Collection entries
--------

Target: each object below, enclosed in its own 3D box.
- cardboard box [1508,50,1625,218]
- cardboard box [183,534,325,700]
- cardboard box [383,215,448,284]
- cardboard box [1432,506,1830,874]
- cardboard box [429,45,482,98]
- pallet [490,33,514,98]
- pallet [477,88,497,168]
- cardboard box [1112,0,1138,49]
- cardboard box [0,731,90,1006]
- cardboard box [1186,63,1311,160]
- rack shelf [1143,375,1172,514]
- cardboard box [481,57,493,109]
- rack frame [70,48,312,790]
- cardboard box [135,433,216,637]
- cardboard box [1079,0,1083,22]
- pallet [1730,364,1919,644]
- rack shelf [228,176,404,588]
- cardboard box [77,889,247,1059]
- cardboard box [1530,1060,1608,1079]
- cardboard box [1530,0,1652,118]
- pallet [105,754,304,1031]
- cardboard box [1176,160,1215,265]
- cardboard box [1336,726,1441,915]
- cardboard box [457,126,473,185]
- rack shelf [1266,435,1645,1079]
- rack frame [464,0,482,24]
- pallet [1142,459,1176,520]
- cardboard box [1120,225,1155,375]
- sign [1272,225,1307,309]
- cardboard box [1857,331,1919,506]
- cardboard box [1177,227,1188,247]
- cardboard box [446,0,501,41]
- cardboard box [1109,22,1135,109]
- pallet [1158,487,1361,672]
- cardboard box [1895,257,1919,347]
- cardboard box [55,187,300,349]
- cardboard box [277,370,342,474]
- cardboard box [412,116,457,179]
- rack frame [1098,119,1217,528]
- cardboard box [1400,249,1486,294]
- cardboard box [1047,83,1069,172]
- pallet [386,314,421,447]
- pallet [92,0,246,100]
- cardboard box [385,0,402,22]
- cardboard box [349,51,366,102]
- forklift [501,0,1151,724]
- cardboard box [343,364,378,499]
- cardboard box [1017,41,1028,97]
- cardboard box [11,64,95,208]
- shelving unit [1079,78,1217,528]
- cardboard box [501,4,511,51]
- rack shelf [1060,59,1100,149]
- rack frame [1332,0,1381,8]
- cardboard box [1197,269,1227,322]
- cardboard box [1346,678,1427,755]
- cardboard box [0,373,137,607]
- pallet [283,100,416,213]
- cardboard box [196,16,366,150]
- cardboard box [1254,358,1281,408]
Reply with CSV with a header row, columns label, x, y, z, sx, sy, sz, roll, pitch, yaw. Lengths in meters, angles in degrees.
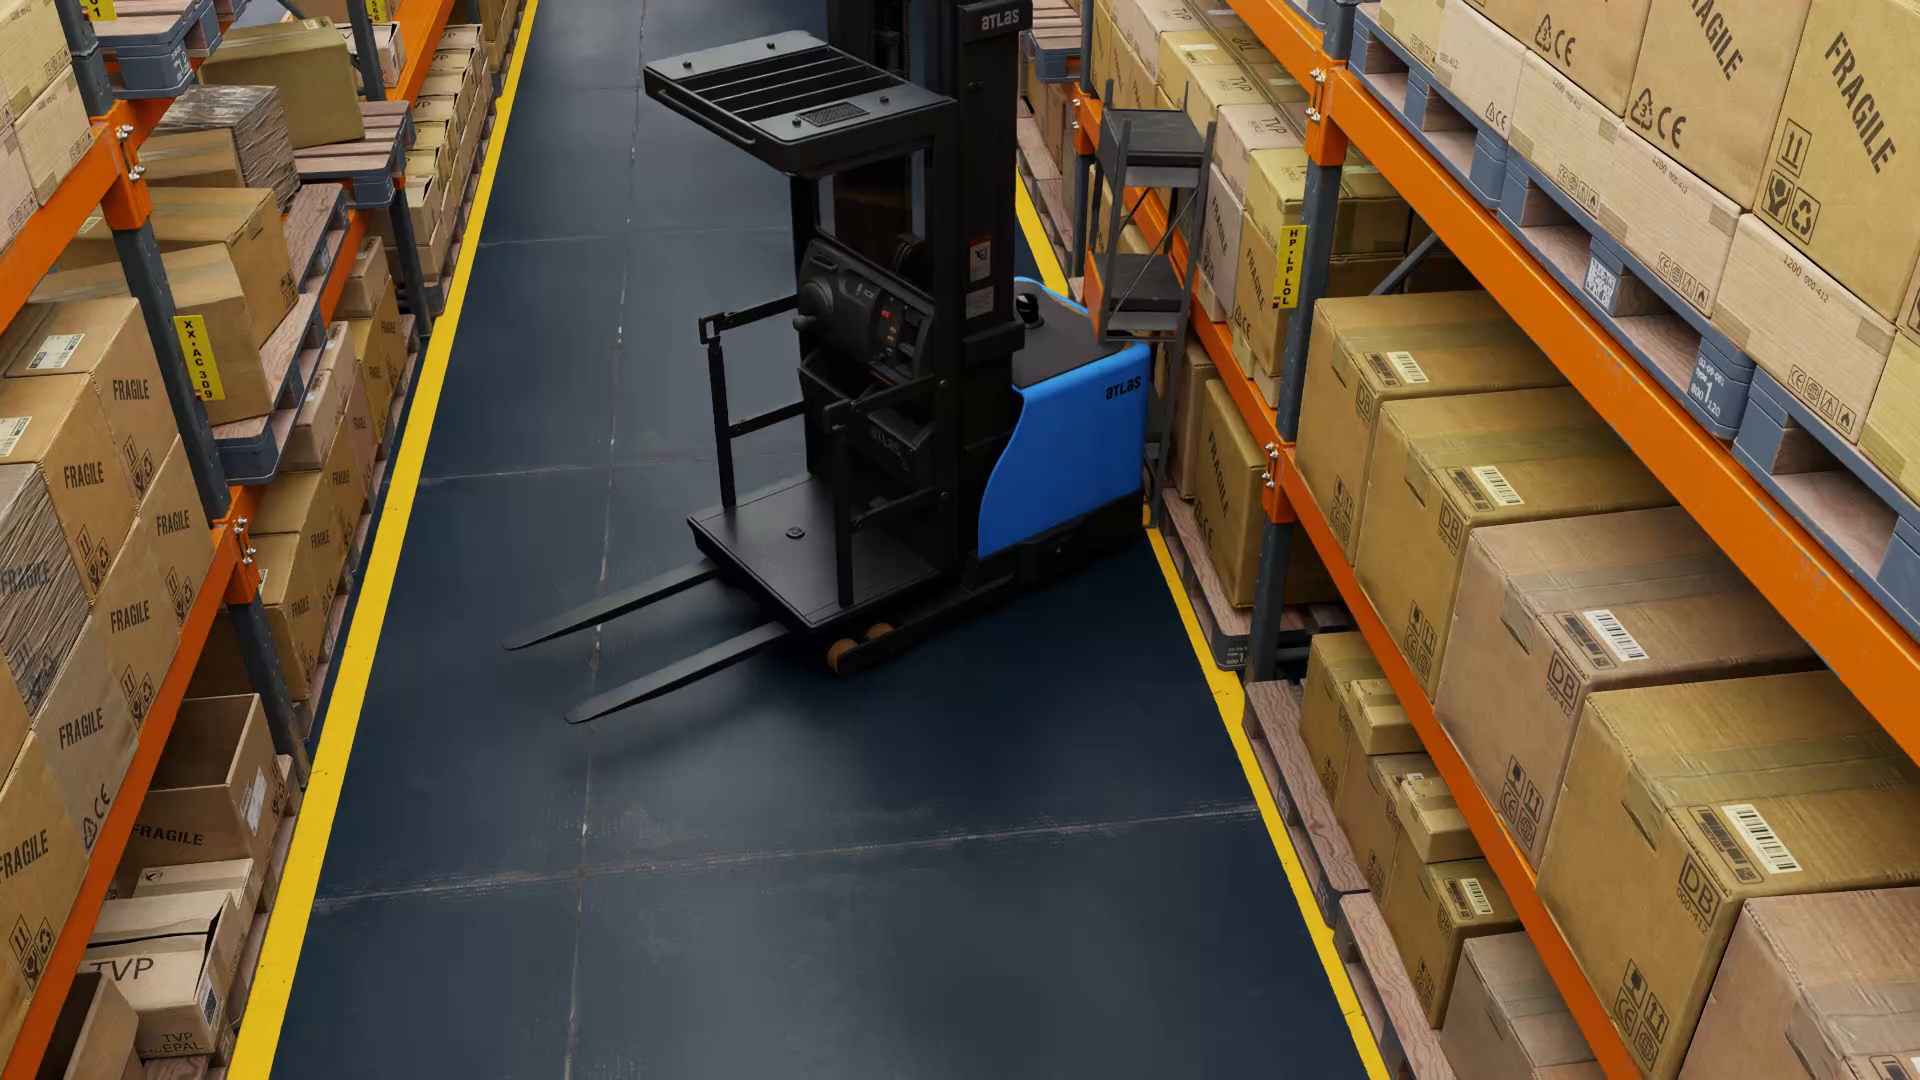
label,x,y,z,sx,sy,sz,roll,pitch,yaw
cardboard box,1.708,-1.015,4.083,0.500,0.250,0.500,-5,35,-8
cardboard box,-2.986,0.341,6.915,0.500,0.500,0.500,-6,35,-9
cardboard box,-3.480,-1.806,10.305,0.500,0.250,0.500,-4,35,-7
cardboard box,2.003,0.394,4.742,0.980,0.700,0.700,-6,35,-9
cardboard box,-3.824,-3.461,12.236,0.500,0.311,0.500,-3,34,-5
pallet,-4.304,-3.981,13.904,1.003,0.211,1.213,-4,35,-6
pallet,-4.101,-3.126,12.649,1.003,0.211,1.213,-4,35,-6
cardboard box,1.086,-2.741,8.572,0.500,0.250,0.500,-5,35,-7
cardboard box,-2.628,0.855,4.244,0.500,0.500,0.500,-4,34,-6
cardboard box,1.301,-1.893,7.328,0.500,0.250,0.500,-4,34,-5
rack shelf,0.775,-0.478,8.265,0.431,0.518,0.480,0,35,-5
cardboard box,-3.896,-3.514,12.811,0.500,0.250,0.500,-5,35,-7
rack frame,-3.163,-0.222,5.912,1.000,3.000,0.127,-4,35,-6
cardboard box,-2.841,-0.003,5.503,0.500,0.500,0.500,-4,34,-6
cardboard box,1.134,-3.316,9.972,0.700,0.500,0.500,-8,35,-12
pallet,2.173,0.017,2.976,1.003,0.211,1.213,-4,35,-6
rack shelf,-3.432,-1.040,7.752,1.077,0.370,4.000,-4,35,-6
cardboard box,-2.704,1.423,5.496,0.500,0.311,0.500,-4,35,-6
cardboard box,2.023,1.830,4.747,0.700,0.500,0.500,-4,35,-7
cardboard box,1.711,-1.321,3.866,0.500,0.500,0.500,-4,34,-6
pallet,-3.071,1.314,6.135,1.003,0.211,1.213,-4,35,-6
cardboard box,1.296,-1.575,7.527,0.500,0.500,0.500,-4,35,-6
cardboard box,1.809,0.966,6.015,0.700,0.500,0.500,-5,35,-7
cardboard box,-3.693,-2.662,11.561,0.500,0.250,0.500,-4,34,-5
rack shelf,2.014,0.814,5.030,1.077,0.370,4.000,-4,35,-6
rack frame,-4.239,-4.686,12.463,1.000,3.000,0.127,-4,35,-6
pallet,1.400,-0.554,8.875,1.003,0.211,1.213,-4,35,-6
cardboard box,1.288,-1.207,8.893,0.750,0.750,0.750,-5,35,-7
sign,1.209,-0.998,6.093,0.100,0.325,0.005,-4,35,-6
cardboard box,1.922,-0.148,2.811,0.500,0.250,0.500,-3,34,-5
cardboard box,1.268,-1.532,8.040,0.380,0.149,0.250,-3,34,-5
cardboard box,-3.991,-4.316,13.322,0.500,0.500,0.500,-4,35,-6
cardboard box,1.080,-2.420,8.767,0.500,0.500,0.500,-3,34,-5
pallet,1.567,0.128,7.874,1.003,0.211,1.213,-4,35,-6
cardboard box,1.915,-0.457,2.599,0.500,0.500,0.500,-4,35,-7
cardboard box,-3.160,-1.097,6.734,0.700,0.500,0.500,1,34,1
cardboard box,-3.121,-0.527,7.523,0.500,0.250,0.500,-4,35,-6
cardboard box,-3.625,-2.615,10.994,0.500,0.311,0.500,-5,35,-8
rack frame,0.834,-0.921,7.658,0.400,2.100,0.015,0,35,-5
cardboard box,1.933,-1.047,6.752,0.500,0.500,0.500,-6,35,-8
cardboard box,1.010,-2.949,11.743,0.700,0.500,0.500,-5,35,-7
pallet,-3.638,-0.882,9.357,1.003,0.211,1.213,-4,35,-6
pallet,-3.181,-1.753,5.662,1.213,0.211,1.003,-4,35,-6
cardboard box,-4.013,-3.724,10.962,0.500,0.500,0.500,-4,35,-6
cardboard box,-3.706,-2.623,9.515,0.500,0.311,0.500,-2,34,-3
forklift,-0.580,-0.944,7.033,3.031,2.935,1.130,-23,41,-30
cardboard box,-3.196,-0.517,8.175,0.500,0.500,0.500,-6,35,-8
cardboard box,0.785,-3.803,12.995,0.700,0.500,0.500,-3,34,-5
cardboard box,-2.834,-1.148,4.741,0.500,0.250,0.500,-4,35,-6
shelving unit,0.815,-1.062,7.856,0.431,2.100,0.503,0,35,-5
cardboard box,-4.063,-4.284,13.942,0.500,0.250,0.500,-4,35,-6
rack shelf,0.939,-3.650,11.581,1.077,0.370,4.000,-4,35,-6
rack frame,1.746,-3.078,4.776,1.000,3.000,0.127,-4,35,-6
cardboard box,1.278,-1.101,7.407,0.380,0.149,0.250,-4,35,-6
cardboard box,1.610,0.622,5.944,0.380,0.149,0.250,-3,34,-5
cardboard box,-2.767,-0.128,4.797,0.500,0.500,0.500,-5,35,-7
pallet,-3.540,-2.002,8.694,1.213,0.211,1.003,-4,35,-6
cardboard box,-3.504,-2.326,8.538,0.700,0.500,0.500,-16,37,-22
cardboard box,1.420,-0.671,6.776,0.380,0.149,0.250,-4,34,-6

--------

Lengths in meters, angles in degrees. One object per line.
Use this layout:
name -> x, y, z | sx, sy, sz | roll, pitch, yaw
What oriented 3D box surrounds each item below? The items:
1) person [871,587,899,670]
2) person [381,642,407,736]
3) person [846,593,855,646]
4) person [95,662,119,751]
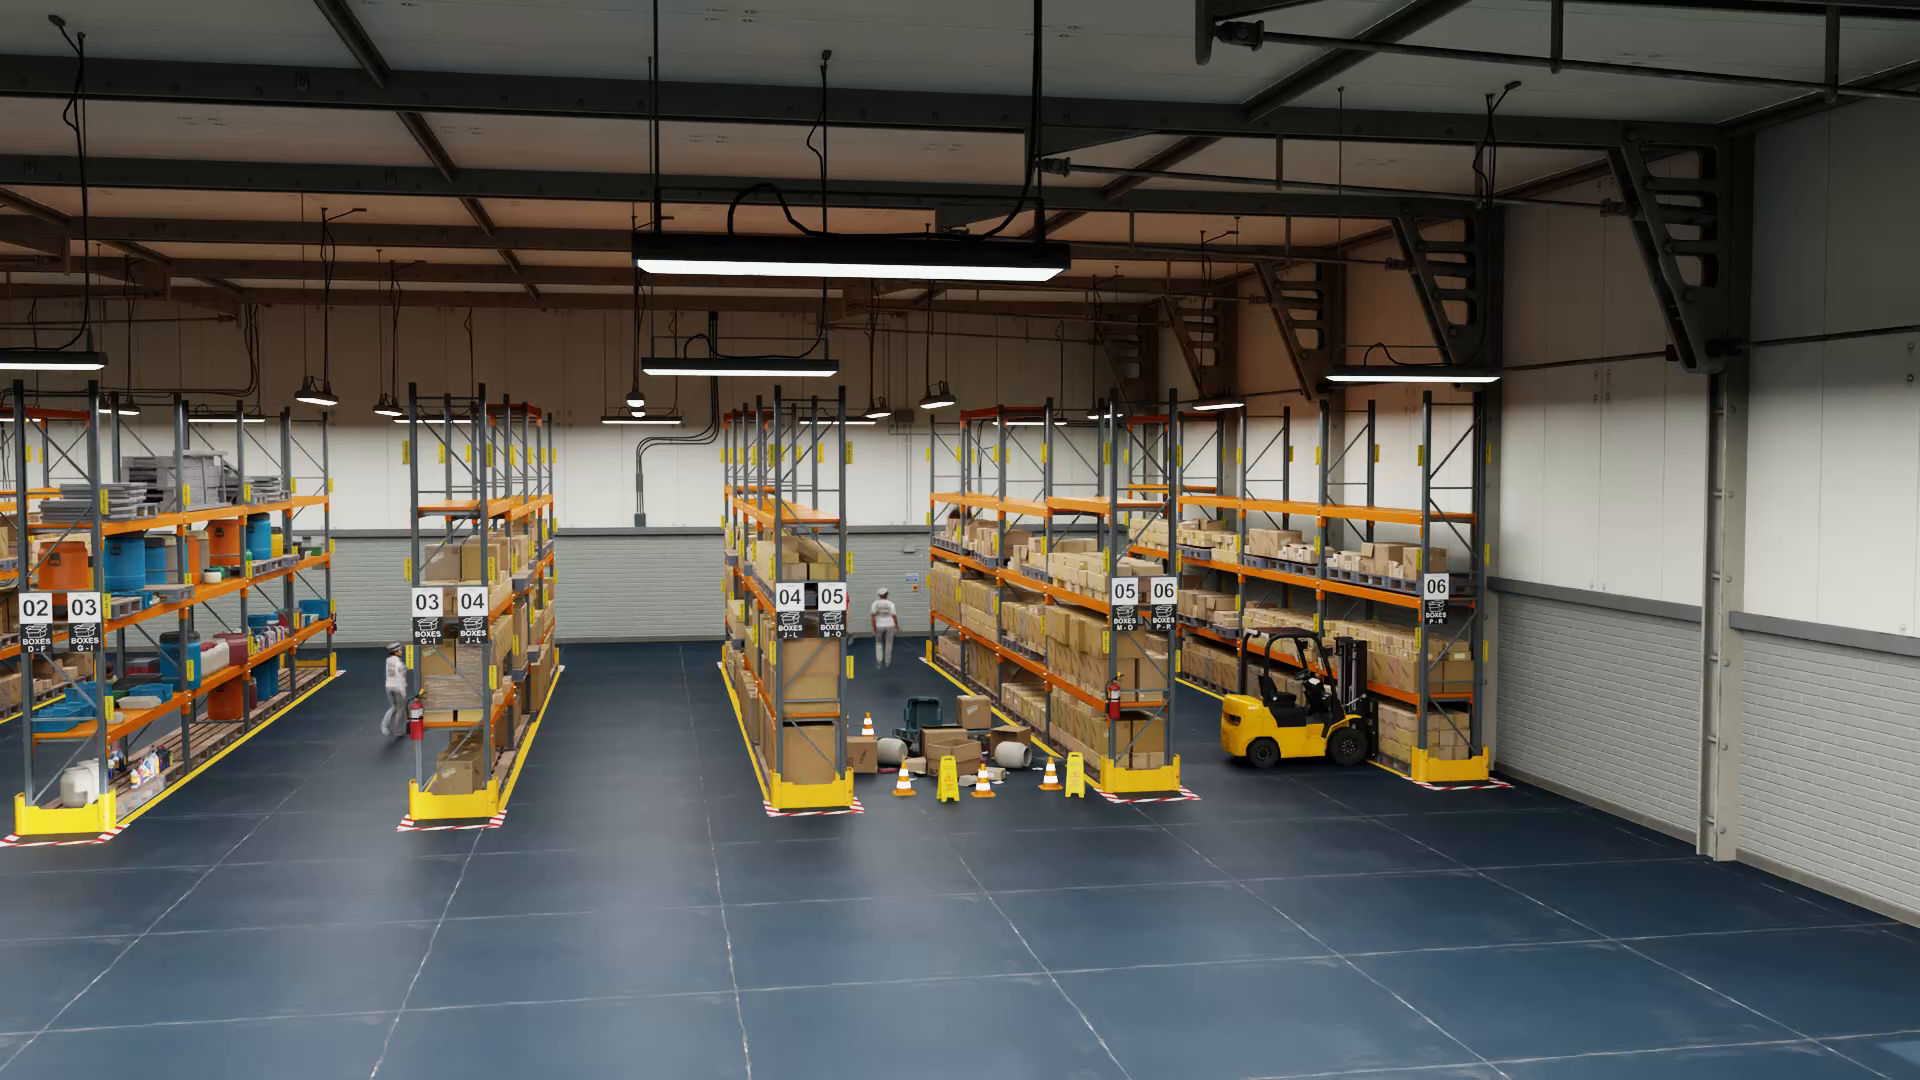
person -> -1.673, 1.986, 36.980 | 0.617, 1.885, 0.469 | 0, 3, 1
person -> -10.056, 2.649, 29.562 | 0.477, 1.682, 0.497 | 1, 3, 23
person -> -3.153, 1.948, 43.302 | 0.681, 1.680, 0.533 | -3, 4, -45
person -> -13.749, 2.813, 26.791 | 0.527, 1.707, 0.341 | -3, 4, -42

--------

For this task, write out exactly the lines of the entries above, starting at the line with "- cardboard box [11,64,95,208]" and ending at the line with "- cardboard box [1254,358,1281,408]", both included, and no others.

- cardboard box [11,64,95,208]
- shelving unit [1079,78,1217,528]
- cardboard box [501,4,511,51]
- rack shelf [1060,59,1100,149]
- rack frame [1332,0,1381,8]
- cardboard box [1197,269,1227,322]
- cardboard box [1346,678,1427,755]
- cardboard box [0,373,137,607]
- pallet [283,100,416,213]
- cardboard box [196,16,366,150]
- cardboard box [1254,358,1281,408]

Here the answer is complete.